Personal information
- Date of birth: 5 July 2001 (age 24)
- Place of birth: Athens, Greece
- Height: 1.87 m (6 ft 2 in)
- Positions: Right-back; right wing-back;

Team information
- Current team: Lorient
- Number: 77

Senior career*
- Years: Team / Apps / (Gls)
- 2019–2020: Pavia
- 2020–2021: Nocerina / 29 / (2)
- 2021–2022: Cavese / 5 / (1)
- 2022: Nuova Florida / 18 / (6)
- 2022–2024: Catanzaro / 30 / (1)
- 2024–: Lorient / 53 / (6)

= Panos Katseris =

Greek footballer

Panos Katseris (Πάνος Κατσέρης, /el/; born 5 July 2001) is a Greek professional footballer who plays as a right-back or a right wing-back for club Lorient.

== Club career ==

=== Early career ===
Born in Athens, Katseris started playing football in the Greek amateur leagues, before joining Eccellenza side Pavia in 2019, aged 18.

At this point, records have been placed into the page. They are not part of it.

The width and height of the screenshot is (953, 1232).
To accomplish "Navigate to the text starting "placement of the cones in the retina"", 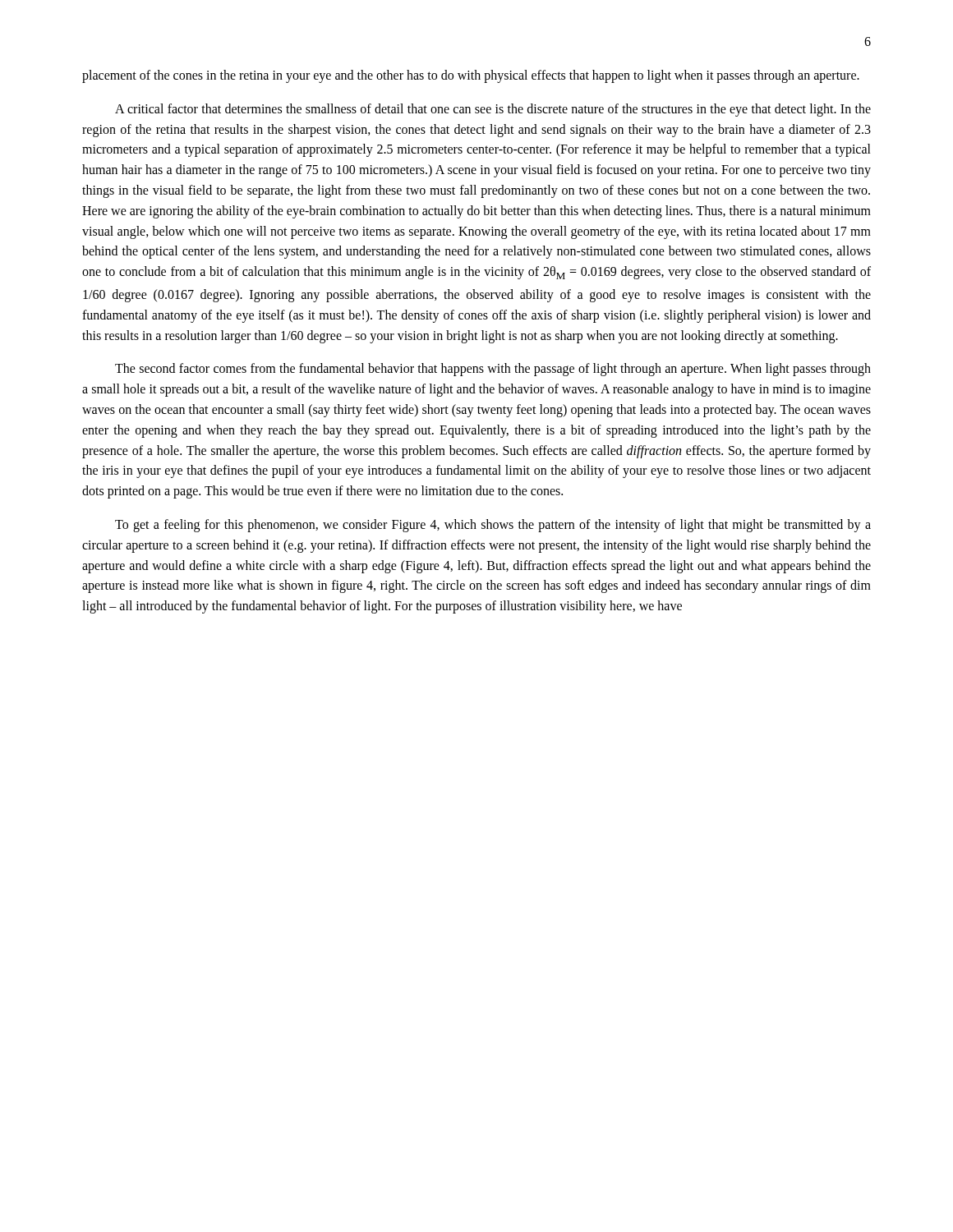I will [471, 75].
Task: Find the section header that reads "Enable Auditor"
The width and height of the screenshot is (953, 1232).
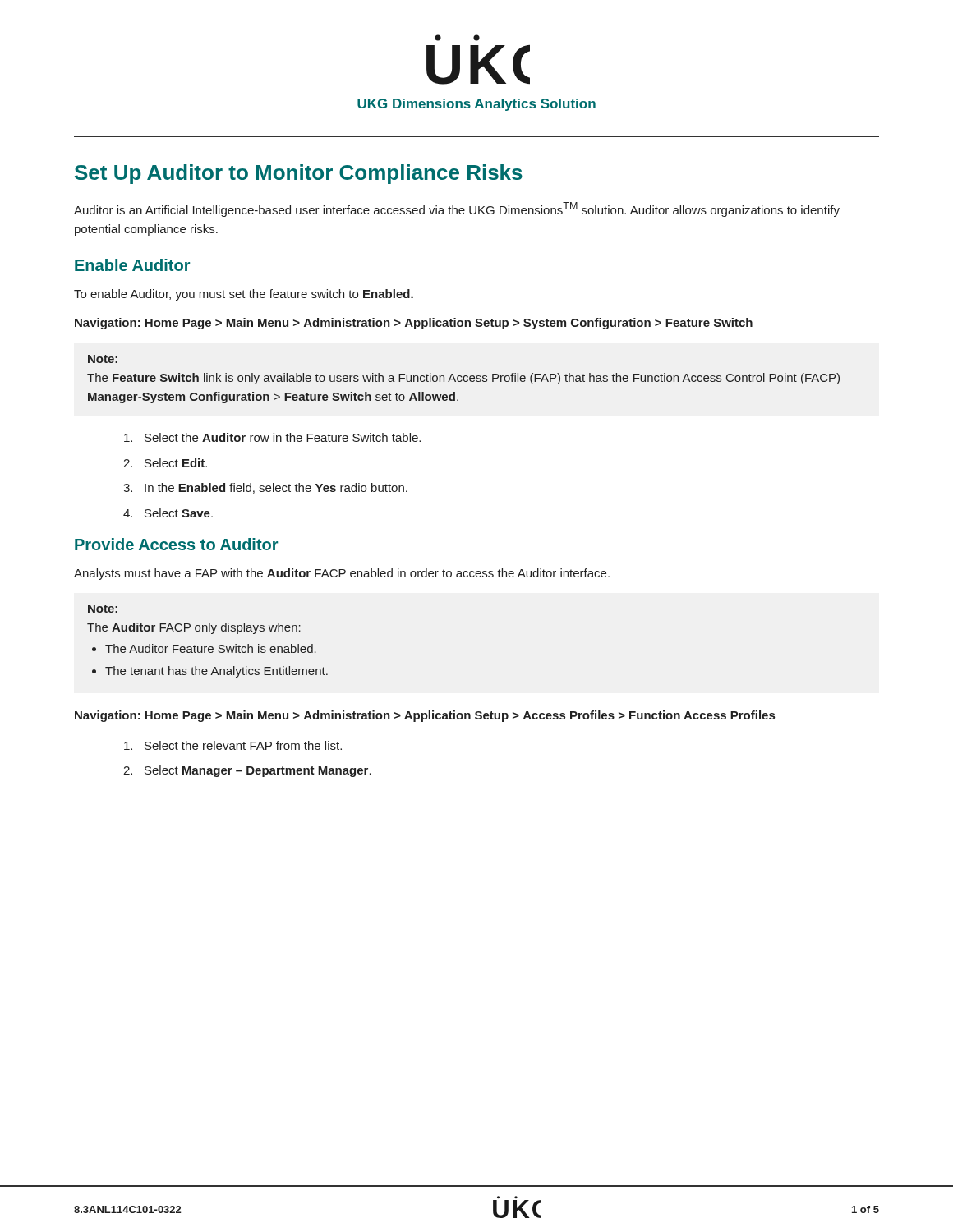Action: [x=132, y=265]
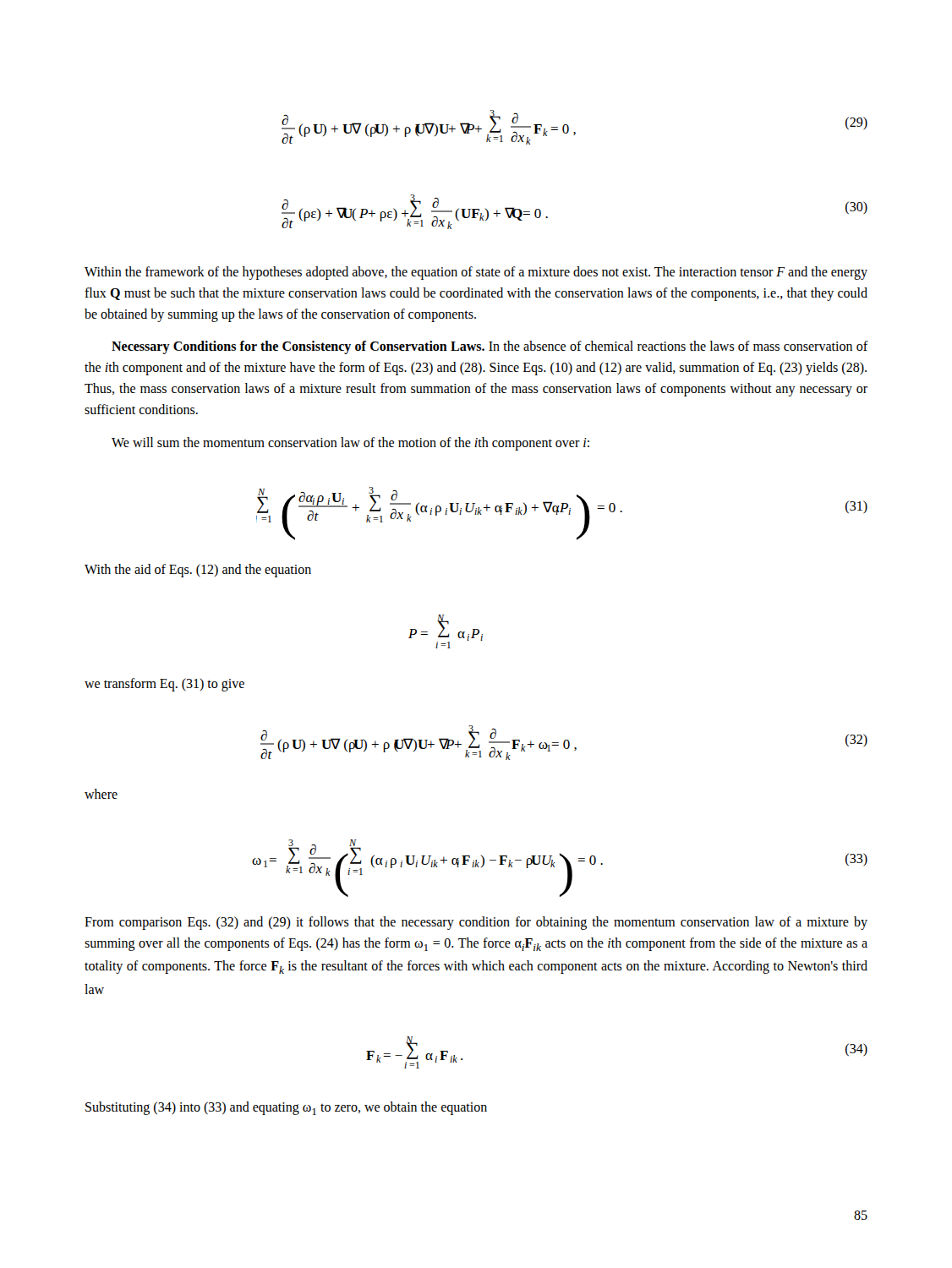This screenshot has height=1268, width=952.
Task: Click the formula that begins "∑ i =1 N ( ∂α"
Action: coord(476,507)

In September 2020, he joined Serie D side Nocerina on a free transfer. Throughout his only season with the club, he scored two goals and contributed six assists in 29 appearances and was voted as the "Best Underage" player that season.

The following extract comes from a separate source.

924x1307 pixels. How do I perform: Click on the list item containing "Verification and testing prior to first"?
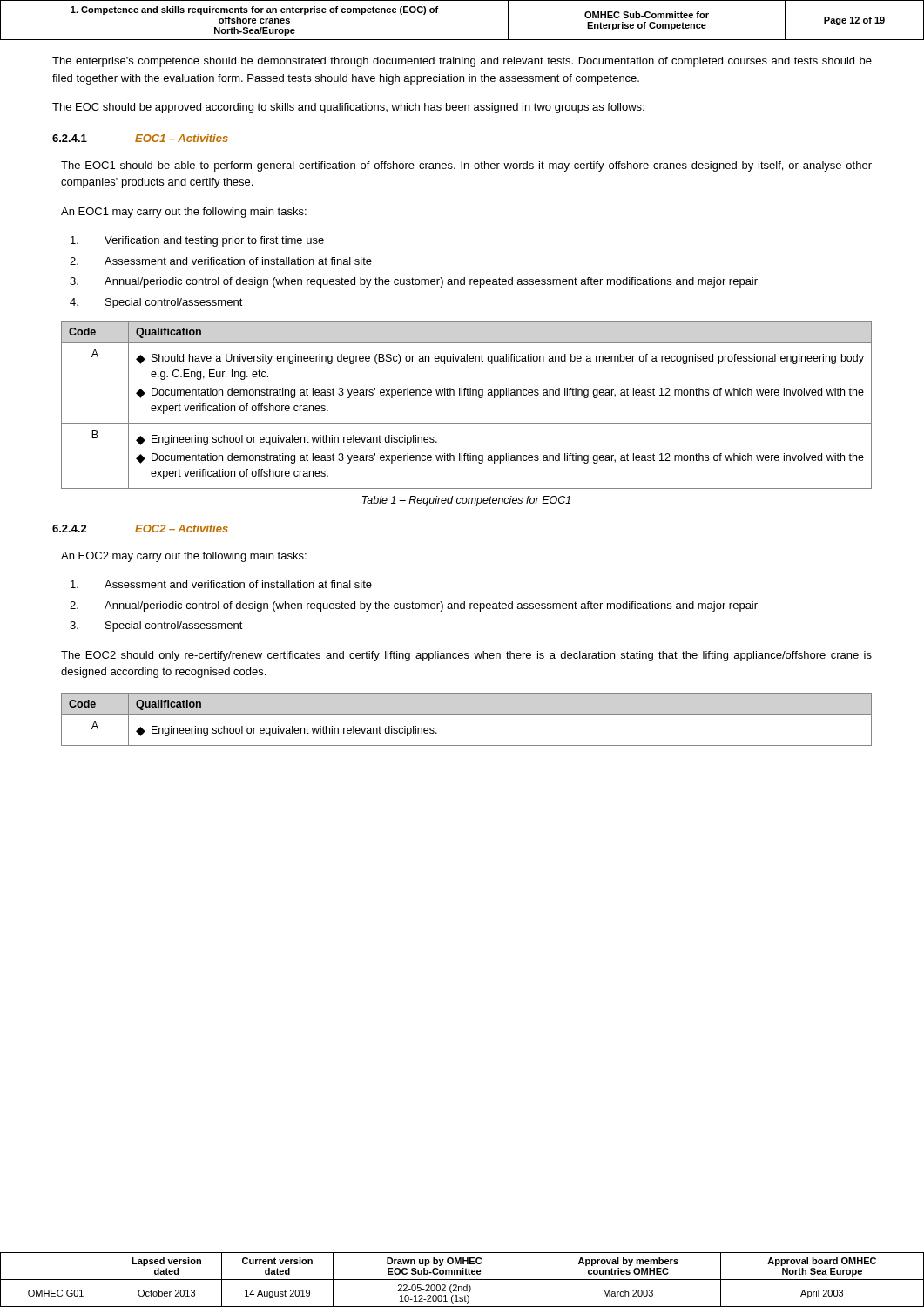coord(197,241)
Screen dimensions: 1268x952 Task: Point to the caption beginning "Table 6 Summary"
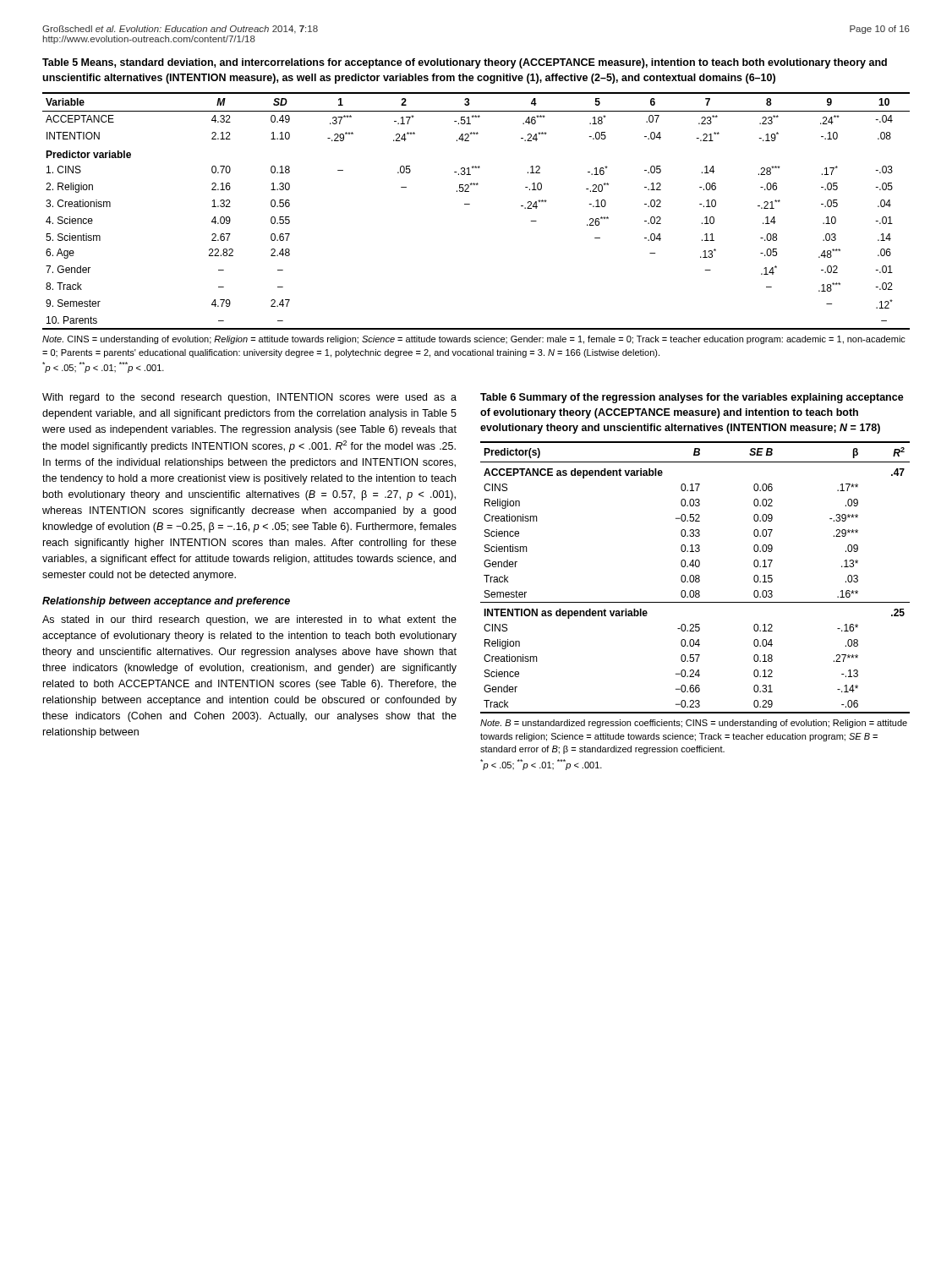(x=692, y=413)
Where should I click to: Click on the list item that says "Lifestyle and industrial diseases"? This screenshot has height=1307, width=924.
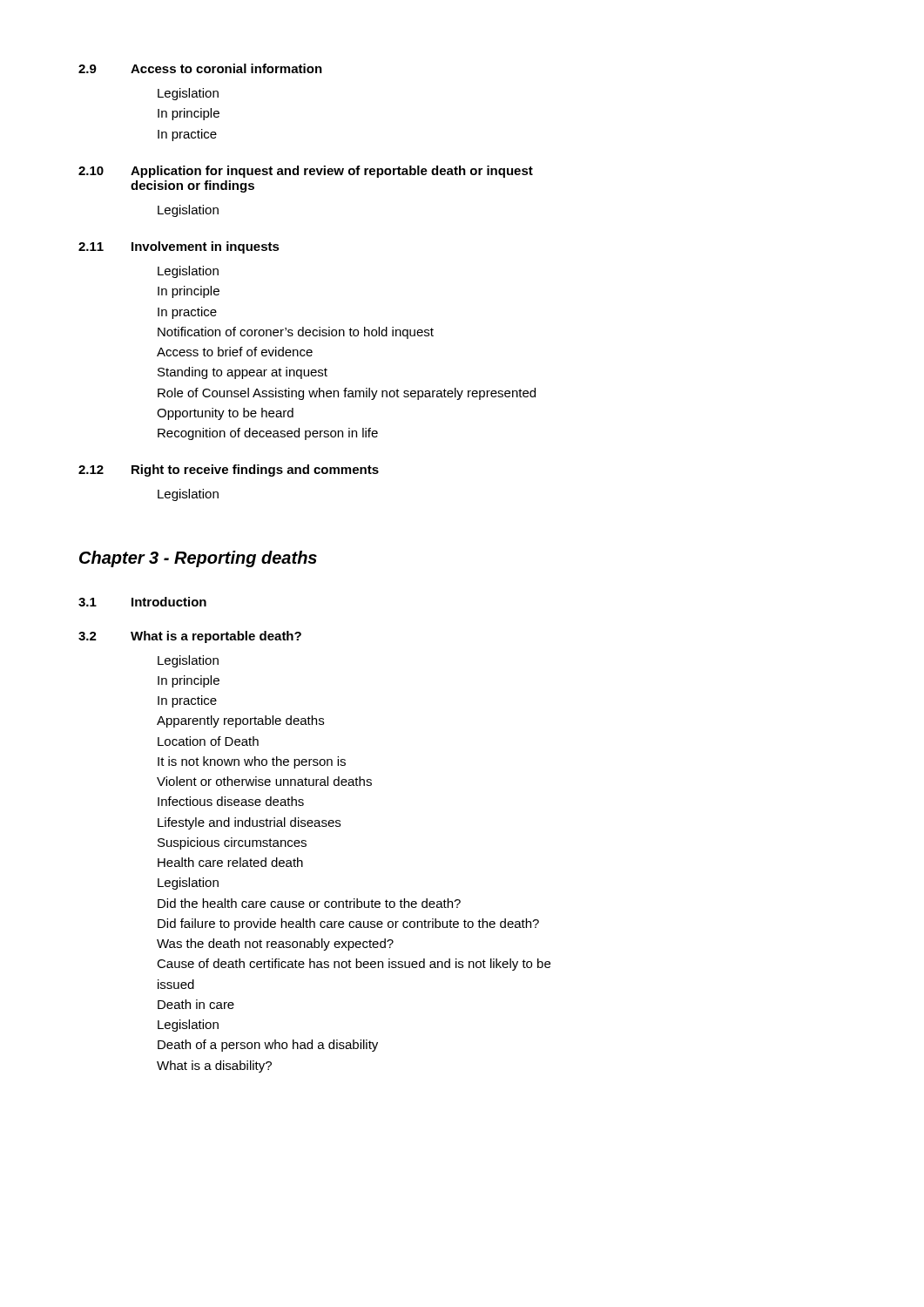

On 25 August 2021, Katseris officially joined Serie D club Cavese on a free transfer. After making just six appearances in the first part of the campaign, he joined fellow fourth-tier side Nuova Florida on 3 February 2022. He went on to score six goals and one assist in 18 matches for the club.

=== Catanzaro ===
Following a successful trial with Serie C side Catanzaro, Katseris officially joined the club on a free transfer on 19 August 2022, signing a three-year professional contract. He made his professional debut on 8 October 2022, coming on as a second-half substitute in a 4–0 league win over Fidelis Andria. On 18 December, he scored his first goal for the Italian club, scoring within a minute of kick-off in a league match against Potenza, and thus contributing to a 6–1 victory. He scored one goal and three assists in 18 matches during his first season with the club, helping Catanzaro win automatic promotion to the Serie B.

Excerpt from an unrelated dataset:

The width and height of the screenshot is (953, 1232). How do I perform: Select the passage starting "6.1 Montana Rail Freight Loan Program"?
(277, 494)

During the first half of the 2023–24 campaign in Serie B, following an injury to Mario Šitum, Katseris established himself as a regular starter for Catanzaro, under manager Vincenzo Vivarini; thanks to his performances, he reportedly attracted interest from various Serie B and Serie A clubs.

=== Lorient ===
On 23 January 2024, Katseris joined Ligue 1 side Lorient for an undisclosed fee, reported to be in the region of €2.4 million, plus €600.000 in add-ons, signing a four-year-and-a-half contract with the French club. In the process, he became Lorient's first Greek player. He made his debut for Les Merlus five days later, starting in a 3–3 league draw against Le Havre. On 4 February, he scored his first goal for Lorient, netting the winner in a 2–1 league win away at Metz. Lorient was relegated to the Ligue 2 at the end of the 2023–24 campaign. and was promoted to the Ligue 1 at the end of the 2024-2025 campaign.